* _Task description_
Exclude all pictures, then restate the entries below word for word.
────────────────
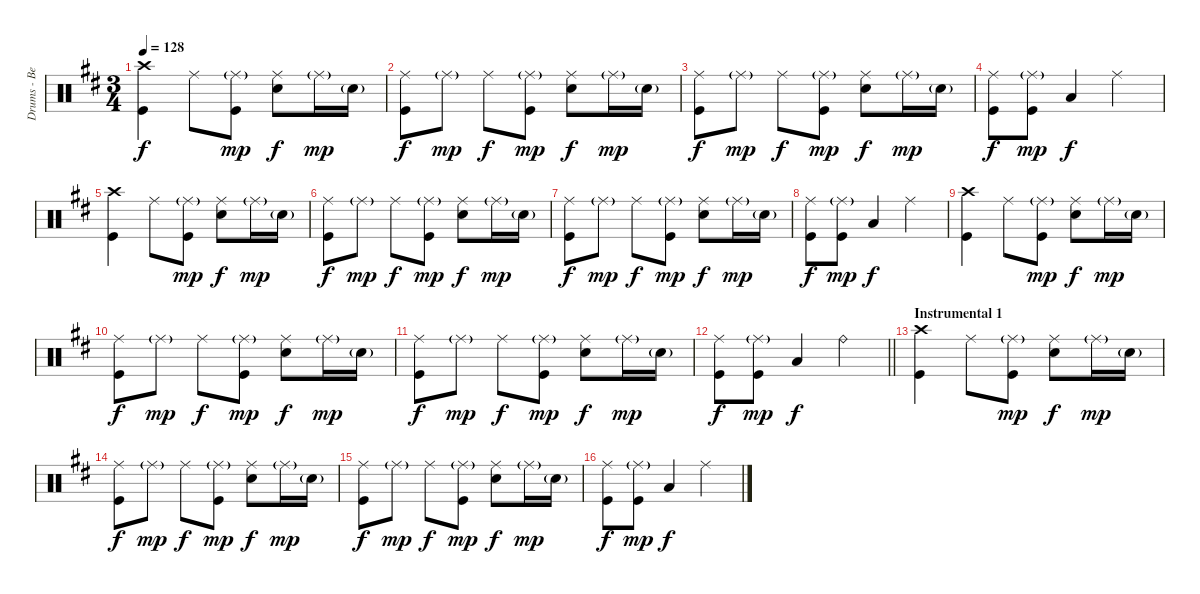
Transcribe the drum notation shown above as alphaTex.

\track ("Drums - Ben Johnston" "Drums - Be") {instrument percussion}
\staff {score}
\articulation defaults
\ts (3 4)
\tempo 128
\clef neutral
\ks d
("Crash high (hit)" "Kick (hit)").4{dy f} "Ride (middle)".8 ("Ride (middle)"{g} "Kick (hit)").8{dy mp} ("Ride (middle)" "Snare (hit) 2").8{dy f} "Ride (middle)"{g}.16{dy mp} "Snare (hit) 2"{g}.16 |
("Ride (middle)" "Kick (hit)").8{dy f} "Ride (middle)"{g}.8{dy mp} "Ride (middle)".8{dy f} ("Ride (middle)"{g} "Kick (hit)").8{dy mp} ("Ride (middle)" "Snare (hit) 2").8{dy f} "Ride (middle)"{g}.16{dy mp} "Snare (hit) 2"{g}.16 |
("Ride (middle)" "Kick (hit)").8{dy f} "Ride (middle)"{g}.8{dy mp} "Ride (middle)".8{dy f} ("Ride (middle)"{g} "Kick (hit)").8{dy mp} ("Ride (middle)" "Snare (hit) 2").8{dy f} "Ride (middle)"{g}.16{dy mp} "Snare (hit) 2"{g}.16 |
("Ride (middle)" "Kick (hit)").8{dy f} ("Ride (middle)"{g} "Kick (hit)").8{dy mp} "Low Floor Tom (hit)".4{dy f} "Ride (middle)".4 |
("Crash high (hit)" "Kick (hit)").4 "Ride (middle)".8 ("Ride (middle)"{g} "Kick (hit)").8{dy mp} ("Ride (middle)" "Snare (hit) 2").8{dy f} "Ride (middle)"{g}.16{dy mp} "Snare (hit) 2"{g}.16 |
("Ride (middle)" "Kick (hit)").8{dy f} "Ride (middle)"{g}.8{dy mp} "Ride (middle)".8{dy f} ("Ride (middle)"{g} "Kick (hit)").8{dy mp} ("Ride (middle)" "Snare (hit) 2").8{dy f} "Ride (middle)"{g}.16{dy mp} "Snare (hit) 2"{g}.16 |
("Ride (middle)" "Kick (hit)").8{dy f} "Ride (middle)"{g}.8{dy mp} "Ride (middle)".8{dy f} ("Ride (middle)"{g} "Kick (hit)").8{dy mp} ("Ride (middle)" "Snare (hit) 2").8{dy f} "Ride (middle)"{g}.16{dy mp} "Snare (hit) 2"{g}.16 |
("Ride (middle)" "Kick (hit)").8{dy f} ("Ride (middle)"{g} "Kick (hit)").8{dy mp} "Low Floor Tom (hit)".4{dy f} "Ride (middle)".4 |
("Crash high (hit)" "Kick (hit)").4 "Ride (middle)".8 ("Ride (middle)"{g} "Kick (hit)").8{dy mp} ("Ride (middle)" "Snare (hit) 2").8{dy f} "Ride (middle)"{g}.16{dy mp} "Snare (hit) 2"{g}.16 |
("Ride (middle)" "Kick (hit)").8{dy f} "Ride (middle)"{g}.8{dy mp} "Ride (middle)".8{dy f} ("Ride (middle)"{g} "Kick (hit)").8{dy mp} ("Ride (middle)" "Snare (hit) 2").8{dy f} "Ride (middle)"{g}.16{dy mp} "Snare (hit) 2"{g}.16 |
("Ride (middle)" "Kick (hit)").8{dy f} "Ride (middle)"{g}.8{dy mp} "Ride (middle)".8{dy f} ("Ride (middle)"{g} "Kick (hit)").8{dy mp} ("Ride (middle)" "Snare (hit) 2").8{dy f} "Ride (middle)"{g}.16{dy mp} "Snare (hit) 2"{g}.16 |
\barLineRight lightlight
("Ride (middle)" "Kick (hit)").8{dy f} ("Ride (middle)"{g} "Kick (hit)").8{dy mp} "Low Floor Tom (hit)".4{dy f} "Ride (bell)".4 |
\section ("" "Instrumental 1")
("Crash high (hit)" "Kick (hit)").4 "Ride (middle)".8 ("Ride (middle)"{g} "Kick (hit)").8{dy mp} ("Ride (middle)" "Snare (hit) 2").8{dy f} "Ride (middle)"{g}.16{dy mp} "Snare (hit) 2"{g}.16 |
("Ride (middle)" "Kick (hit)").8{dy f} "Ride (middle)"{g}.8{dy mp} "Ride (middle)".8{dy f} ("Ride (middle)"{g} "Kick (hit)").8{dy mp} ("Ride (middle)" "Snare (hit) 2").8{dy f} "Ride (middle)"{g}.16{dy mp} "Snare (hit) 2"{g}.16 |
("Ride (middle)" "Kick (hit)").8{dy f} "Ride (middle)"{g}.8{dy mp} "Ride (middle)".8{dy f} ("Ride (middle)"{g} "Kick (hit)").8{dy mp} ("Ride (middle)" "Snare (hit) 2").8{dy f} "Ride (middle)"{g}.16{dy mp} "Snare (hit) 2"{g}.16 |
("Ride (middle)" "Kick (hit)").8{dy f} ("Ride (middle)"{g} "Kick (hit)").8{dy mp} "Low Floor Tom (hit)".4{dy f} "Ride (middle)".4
────────────────
* _Response below_
Transcribe the drum notation shown above as alphaTex.

\track ("Drums - Ben Johnston" "Drums - Be") {instrument percussion}
\staff {score}
\articulation defaults
\ts (3 4)
\tempo 128
\clef neutral
\ks d
("Crash high (hit)" "Kick (hit)").4{dy f} "Ride (middle)".8 ("Ride (middle)"{g} "Kick (hit)").8{dy mp} ("Ride (middle)" "Snare (hit) 2").8{dy f} "Ride (middle)"{g}.16{dy mp} "Snare (hit) 2"{g}.16 |
("Ride (middle)" "Kick (hit)").8{dy f} "Ride (middle)"{g}.8{dy mp} "Ride (middle)".8{dy f} ("Ride (middle)"{g} "Kick (hit)").8{dy mp} ("Ride (middle)" "Snare (hit) 2").8{dy f} "Ride (middle)"{g}.16{dy mp} "Snare (hit) 2"{g}.16 |
("Ride (middle)" "Kick (hit)").8{dy f} "Ride (middle)"{g}.8{dy mp} "Ride (middle)".8{dy f} ("Ride (middle)"{g} "Kick (hit)").8{dy mp} ("Ride (middle)" "Snare (hit) 2").8{dy f} "Ride (middle)"{g}.16{dy mp} "Snare (hit) 2"{g}.16 |
("Ride (middle)" "Kick (hit)").8{dy f} ("Ride (middle)"{g} "Kick (hit)").8{dy mp} "Low Floor Tom (hit)".4{dy f} "Ride (middle)".4 |
("Crash high (hit)" "Kick (hit)").4 "Ride (middle)".8 ("Ride (middle)"{g} "Kick (hit)").8{dy mp} ("Ride (middle)" "Snare (hit) 2").8{dy f} "Ride (middle)"{g}.16{dy mp} "Snare (hit) 2"{g}.16 |
("Ride (middle)" "Kick (hit)").8{dy f} "Ride (middle)"{g}.8{dy mp} "Ride (middle)".8{dy f} ("Ride (middle)"{g} "Kick (hit)").8{dy mp} ("Ride (middle)" "Snare (hit) 2").8{dy f} "Ride (middle)"{g}.16{dy mp} "Snare (hit) 2"{g}.16 |
("Ride (middle)" "Kick (hit)").8{dy f} "Ride (middle)"{g}.8{dy mp} "Ride (middle)".8{dy f} ("Ride (middle)"{g} "Kick (hit)").8{dy mp} ("Ride (middle)" "Snare (hit) 2").8{dy f} "Ride (middle)"{g}.16{dy mp} "Snare (hit) 2"{g}.16 |
("Ride (middle)" "Kick (hit)").8{dy f} ("Ride (middle)"{g} "Kick (hit)").8{dy mp} "Low Floor Tom (hit)".4{dy f} "Ride (middle)".4 |
("Crash high (hit)" "Kick (hit)").4 "Ride (middle)".8 ("Ride (middle)"{g} "Kick (hit)").8{dy mp} ("Ride (middle)" "Snare (hit) 2").8{dy f} "Ride (middle)"{g}.16{dy mp} "Snare (hit) 2"{g}.16 |
("Ride (middle)" "Kick (hit)").8{dy f} "Ride (middle)"{g}.8{dy mp} "Ride (middle)".8{dy f} ("Ride (middle)"{g} "Kick (hit)").8{dy mp} ("Ride (middle)" "Snare (hit) 2").8{dy f} "Ride (middle)"{g}.16{dy mp} "Snare (hit) 2"{g}.16 |
("Ride (middle)" "Kick (hit)").8{dy f} "Ride (middle)"{g}.8{dy mp} "Ride (middle)".8{dy f} ("Ride (middle)"{g} "Kick (hit)").8{dy mp} ("Ride (middle)" "Snare (hit) 2").8{dy f} "Ride (middle)"{g}.16{dy mp} "Snare (hit) 2"{g}.16 |
\barLineRight lightlight
("Ride (middle)" "Kick (hit)").8{dy f} ("Ride (middle)"{g} "Kick (hit)").8{dy mp} "Low Floor Tom (hit)".4{dy f} "Ride (bell)".4 |
\section ("" "Instrumental 1")
("Crash high (hit)" "Kick (hit)").4 "Ride (middle)".8 ("Ride (middle)"{g} "Kick (hit)").8{dy mp} ("Ride (middle)" "Snare (hit) 2").8{dy f} "Ride (middle)"{g}.16{dy mp} "Snare (hit) 2"{g}.16 |
("Ride (middle)" "Kick (hit)").8{dy f} "Ride (middle)"{g}.8{dy mp} "Ride (middle)".8{dy f} ("Ride (middle)"{g} "Kick (hit)").8{dy mp} ("Ride (middle)" "Snare (hit) 2").8{dy f} "Ride (middle)"{g}.16{dy mp} "Snare (hit) 2"{g}.16 |
("Ride (middle)" "Kick (hit)").8{dy f} "Ride (middle)"{g}.8{dy mp} "Ride (middle)".8{dy f} ("Ride (middle)"{g} "Kick (hit)").8{dy mp} ("Ride (middle)" "Snare (hit) 2").8{dy f} "Ride (middle)"{g}.16{dy mp} "Snare (hit) 2"{g}.16 |
("Ride (middle)" "Kick (hit)").8{dy f} ("Ride (middle)"{g} "Kick (hit)").8{dy mp} "Low Floor Tom (hit)".4{dy f} "Ride (middle)".4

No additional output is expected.